The Fourth Circuit held that "the [p]laintiffs' theory [wa]s too speculative to constitute an injury-in-fact." Id. at 274. First, the court highlighted that the Beck plaintiffs did not allege "the data thief intentionally targeted the personal information compromised in the data breaches" or "misuse ... of that personal information by the thief." Id. The court found the failure to make such claims, "render[ed] their contention of an enhanced risk of future identity theft too speculative." Id. Additionally, the court stated that " ‘as the breaches fade further into the past,’ " the Beck [p]laintiffs' threatened injuries become more and more speculative." Id. at 275 (quoting Chambliss v.
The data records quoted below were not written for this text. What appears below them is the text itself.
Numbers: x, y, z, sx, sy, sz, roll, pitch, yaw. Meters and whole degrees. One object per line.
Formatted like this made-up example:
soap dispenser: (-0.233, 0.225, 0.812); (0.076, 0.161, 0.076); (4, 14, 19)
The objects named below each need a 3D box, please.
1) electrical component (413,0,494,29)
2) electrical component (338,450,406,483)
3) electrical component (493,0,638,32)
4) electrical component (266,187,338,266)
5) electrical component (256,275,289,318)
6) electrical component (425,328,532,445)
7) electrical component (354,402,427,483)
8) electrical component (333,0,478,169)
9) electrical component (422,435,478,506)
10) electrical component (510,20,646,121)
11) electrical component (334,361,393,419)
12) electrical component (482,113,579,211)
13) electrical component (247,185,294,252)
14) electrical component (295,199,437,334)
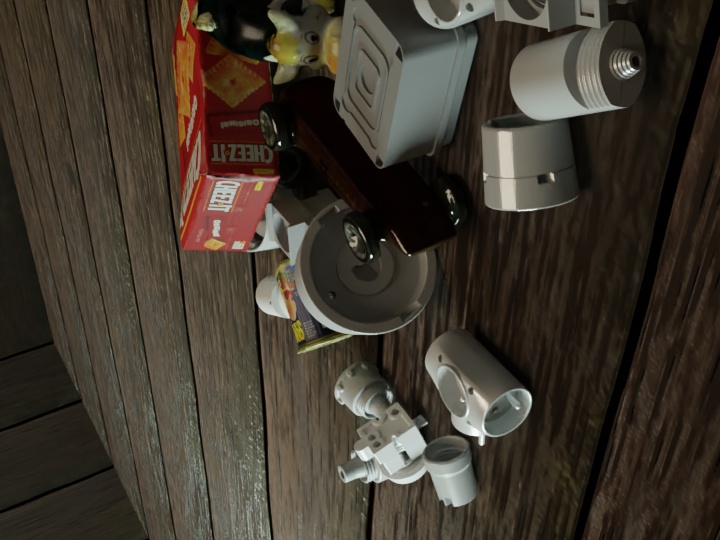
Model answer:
electrical component: (0.061, -0.186, 0.623); (0.077, 0.044, 0.079); (3, 111, 66)
electrical component: (0.010, 0.183, 1.025); (0.048, 0.062, 0.048); (49, 150, 42)
electrical component: (0.103, -0.148, 0.530); (0.081, 0.064, 0.042); (34, 140, 56)
electrical component: (-0.045, -0.041, 0.964); (0.081, 0.064, 0.042); (47, 147, 44)
electrical component: (-0.075, 0.028, 1.119); (0.081, 0.043, 0.043); (6, 113, 66)
electrical component: (0.086, 0.096, 0.799); (0.077, 0.044, 0.079); (46, 148, 45)
electrical component: (0.033, 0.157, 0.956); (0.048, 0.066, 0.055); (48, 169, 52)
electrical component: (0.029, -0.134, 0.723); (0.078, 0.057, 0.113); (57, 154, 30)
electrical component: (0.076, 0.167, 0.891); (0.040, 0.040, 0.046); (28, 139, 59)
electrical component: (0.118, -0.103, 0.560); (0.081, 0.043, 0.043); (5, 112, 66)
electrical component: (0.010, 0.118, 0.998); (0.062, 0.048, 0.048); (41, 144, 39)
electrical component: (0.098, -0.064, 0.627); (0.055, 0.055, 0.047); (24, 127, 61)
electrical component: (-0.100, -0.067, 1.103); (0.099, 0.064, 0.099); (25, 123, 46)
electrical component: (0.000, 0.000, 0.844); (0.060, 0.108, 0.108); (145, 104, -73)
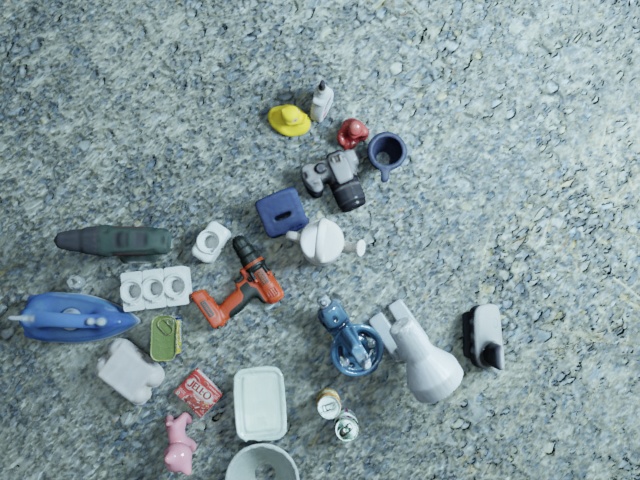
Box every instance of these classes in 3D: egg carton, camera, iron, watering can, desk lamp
[{"bbox_3d":[-0.437,0.302,1.320,0.150,0.069,0.107,35,85,3],"label":"egg carton"},{"bbox_3d":[0.041,-0.132,1.349,0.143,0.101,0.137,-23,85,-2],"label":"camera"},{"bbox_3d":[-0.554,0.179,1.294,0.258,0.141,0.119,2,85,0],"label":"iron"},{"bbox_3d":[0.012,0.002,1.290,0.173,0.194,0.101,-11,85,-1],"label":"watering can"},{"bbox_3d":[0.204,0.241,1.259,0.118,0.213,0.203,-35,86,-3],"label":"desk lamp"}]

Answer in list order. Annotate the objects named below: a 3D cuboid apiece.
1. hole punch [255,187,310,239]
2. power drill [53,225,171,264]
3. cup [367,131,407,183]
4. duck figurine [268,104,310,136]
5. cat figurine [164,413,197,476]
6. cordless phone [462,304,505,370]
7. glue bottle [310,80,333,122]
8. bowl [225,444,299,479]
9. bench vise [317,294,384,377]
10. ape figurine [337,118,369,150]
[{"bbox_3d":[-0.087,-0.062,1.346,0.108,0.091,0.101,-23,85,-2],"label":"hole punch"},{"bbox_3d":[-0.438,0.009,1.278,0.229,0.208,0.076,-2,84,0],"label":"power drill"},{"bbox_3d":[0.154,-0.188,1.358,0.091,0.095,0.118,4,85,0],"label":"cup"},{"bbox_3d":[-0.075,-0.295,1.371,0.104,0.086,0.077,16,85,1],"label":"duck figurine"},{"bbox_3d":[-0.321,0.461,1.282,0.067,0.117,0.128,-14,85,-1],"label":"cat figurine"},{"bbox_3d":[0.383,0.218,1.277,0.094,0.185,0.148,-5,85,-1],"label":"cordless phone"},{"bbox_3d":[0.004,-0.333,1.331,0.037,0.173,0.078,23,85,2],"label":"glue bottle"},{"bbox_3d":[-0.128,0.539,1.298,0.167,0.074,0.167,0,85,0],"label":"bowl"},{"bbox_3d":[0.053,0.221,1.257,0.207,0.219,0.121,37,86,3],"label":"bench vise"},{"bbox_3d":[0.080,-0.259,1.366,0.078,0.092,0.076,2,85,0],"label":"ape figurine"}]
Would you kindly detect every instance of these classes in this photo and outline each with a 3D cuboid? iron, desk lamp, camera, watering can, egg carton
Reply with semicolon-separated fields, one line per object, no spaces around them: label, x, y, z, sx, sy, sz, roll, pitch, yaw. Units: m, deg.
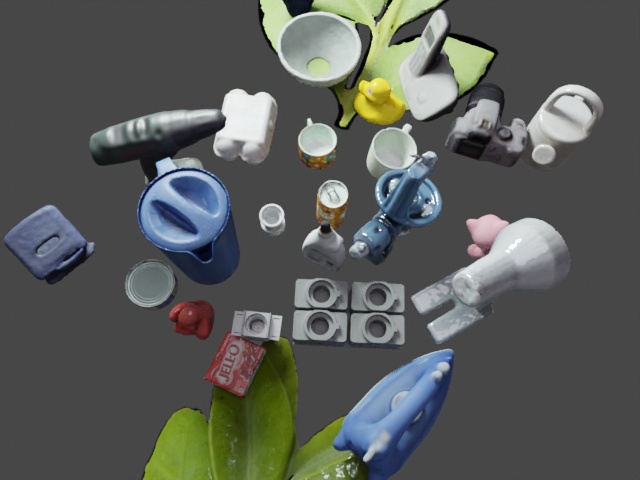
iron;0.140;0.258;0.901;0.118;0.141;0.258;41;75;12
desk lamp;0.273;0.070;0.931;0.203;0.213;0.118;-28;74;-10
camera;0.329;-0.230;1.097;0.143;0.101;0.137;17;71;4
watering can;0.441;-0.205;1.042;0.101;0.194;0.173;12;71;3
egg carton;-0.140;-0.216;1.096;0.107;0.069;0.150;7;71;1

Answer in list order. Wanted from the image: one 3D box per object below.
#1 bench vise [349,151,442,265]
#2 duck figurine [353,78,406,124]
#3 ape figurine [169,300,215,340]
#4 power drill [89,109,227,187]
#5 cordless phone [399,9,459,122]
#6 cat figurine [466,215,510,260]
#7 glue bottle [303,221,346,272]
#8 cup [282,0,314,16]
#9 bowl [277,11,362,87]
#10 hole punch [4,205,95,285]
bench vise;0.139;-0.048;0.965;0.121;0.220;0.207;24;72;7
duck figurine;0.119;-0.278;1.116;0.104;0.086;0.077;22;72;6
ape figurine;-0.214;0.131;0.961;0.076;0.092;0.077;-38;76;-13
power drill;-0.265;-0.152;0.997;0.229;0.208;0.075;-9;71;-5
cordless phone;0.217;-0.326;1.083;0.094;0.185;0.147;-16;72;-7
cat figurine;0.311;0.008;1.005;0.067;0.118;0.127;-39;76;-13
glue bottle;0.009;0.003;0.969;0.078;0.173;0.037;26;72;8
cup;-0.053;-0.523;1.192;0.092;0.095;0.117;-30;74;-11
bowl;-0.001;-0.369;1.150;0.167;0.075;0.167;1;71;-1
hole punch;-0.468;0.008;0.997;0.109;0.091;0.101;-42;77;-14
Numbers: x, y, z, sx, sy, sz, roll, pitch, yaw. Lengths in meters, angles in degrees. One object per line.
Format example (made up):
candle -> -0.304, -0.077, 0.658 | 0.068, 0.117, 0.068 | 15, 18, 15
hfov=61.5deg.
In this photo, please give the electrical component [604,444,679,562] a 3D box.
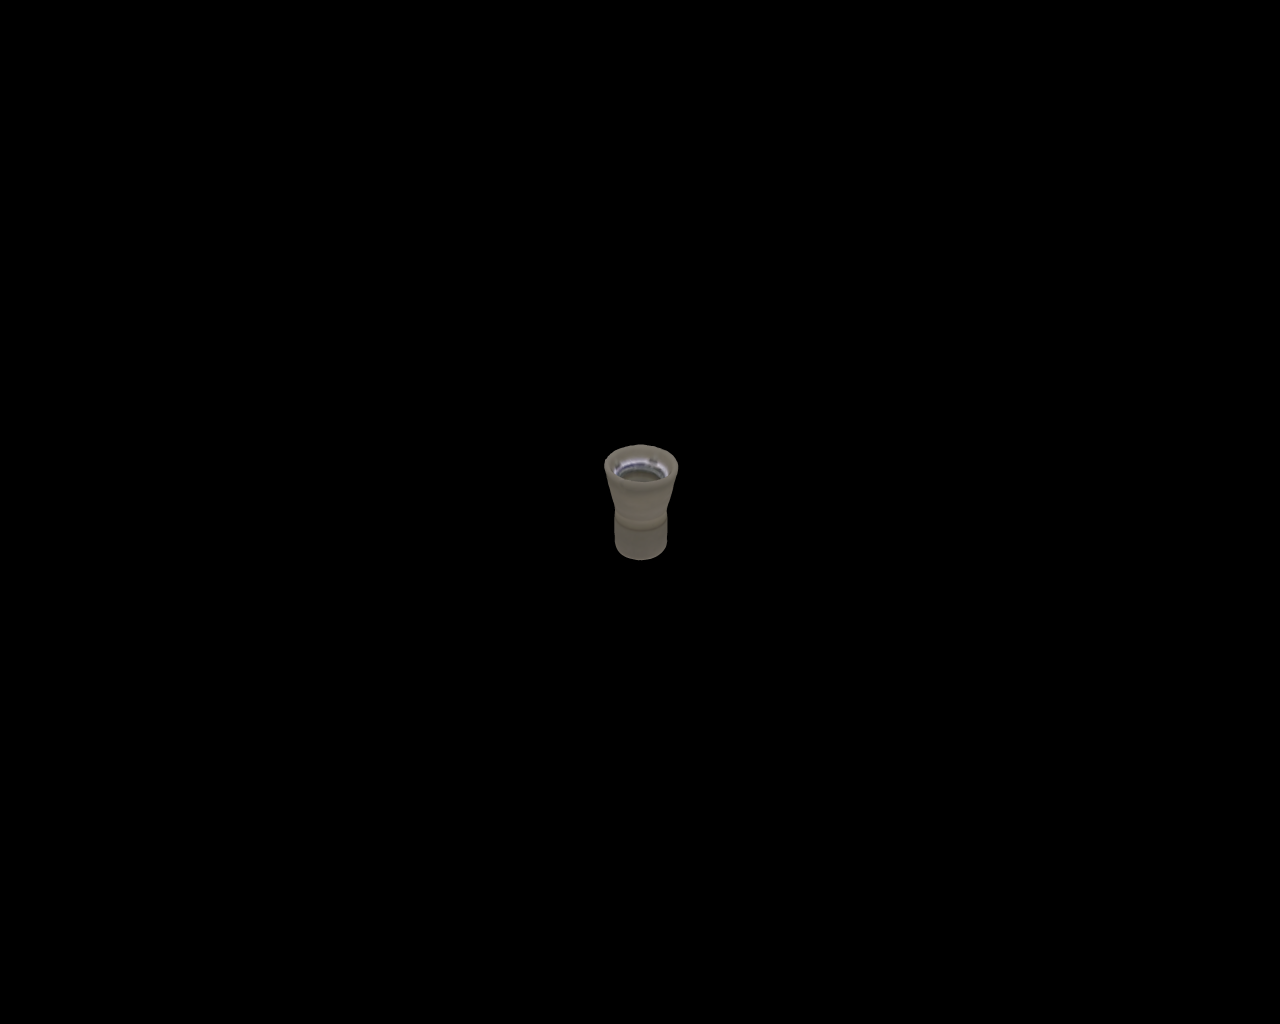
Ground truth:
electrical component -> 0.001, -0.003, 0.650 | 0.044, 0.065, 0.044 | 0, 35, 0
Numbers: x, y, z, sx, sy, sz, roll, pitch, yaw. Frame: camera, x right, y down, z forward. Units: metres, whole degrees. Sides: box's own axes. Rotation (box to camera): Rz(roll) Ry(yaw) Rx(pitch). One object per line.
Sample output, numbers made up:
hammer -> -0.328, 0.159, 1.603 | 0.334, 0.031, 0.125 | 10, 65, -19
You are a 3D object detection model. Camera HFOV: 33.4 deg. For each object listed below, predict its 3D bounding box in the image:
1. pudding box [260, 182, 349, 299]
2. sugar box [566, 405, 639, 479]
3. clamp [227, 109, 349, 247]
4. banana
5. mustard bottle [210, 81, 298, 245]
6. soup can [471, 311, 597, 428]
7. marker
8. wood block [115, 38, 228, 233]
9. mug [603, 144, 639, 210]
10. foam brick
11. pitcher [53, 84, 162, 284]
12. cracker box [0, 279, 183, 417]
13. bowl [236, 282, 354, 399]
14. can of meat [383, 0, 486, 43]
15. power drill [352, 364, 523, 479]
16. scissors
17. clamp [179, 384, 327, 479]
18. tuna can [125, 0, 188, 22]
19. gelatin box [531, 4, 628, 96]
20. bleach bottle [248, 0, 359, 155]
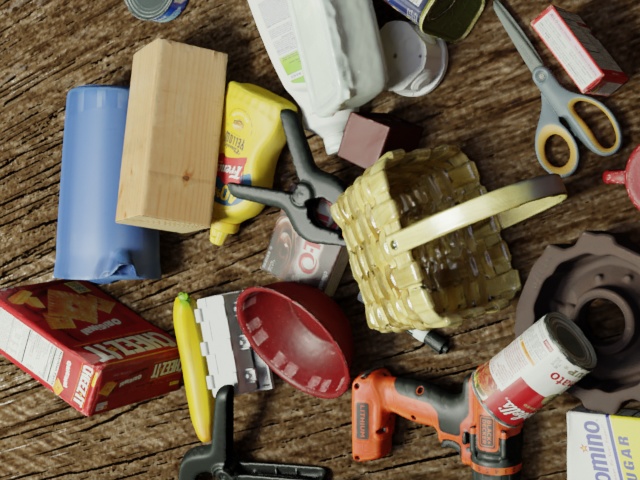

Carefirst, Inc. , 189 F.Supp.3d 564, 570 (D. Md. 2016) ). Finally, the court concluded that "the mere theft [of the laptop and pathology reports], without more, cannot confer Article III standing." Id.

The court held the same for the Watson appeal. See id. at 275 ("Plaintiffs['] ... claims .... of an enhanced risk of future identity theft [are] too speculative. On this point, the data breaches in Beck and Watson occurred in February 2013 and July 2014, respectively. Yet, even after extensive discovery, the Beck plaintiffs have uncovered no evidence that the information contained on the stolen laptop has been accessed or misused or that they have suffered identity theft, nor, for that matter, that the thief stole the laptop with the intent to steal their private information. Watson's complaint suffers from the same deficiency with regard to the four missing boxes of pathology reports." (footnote omitted) ).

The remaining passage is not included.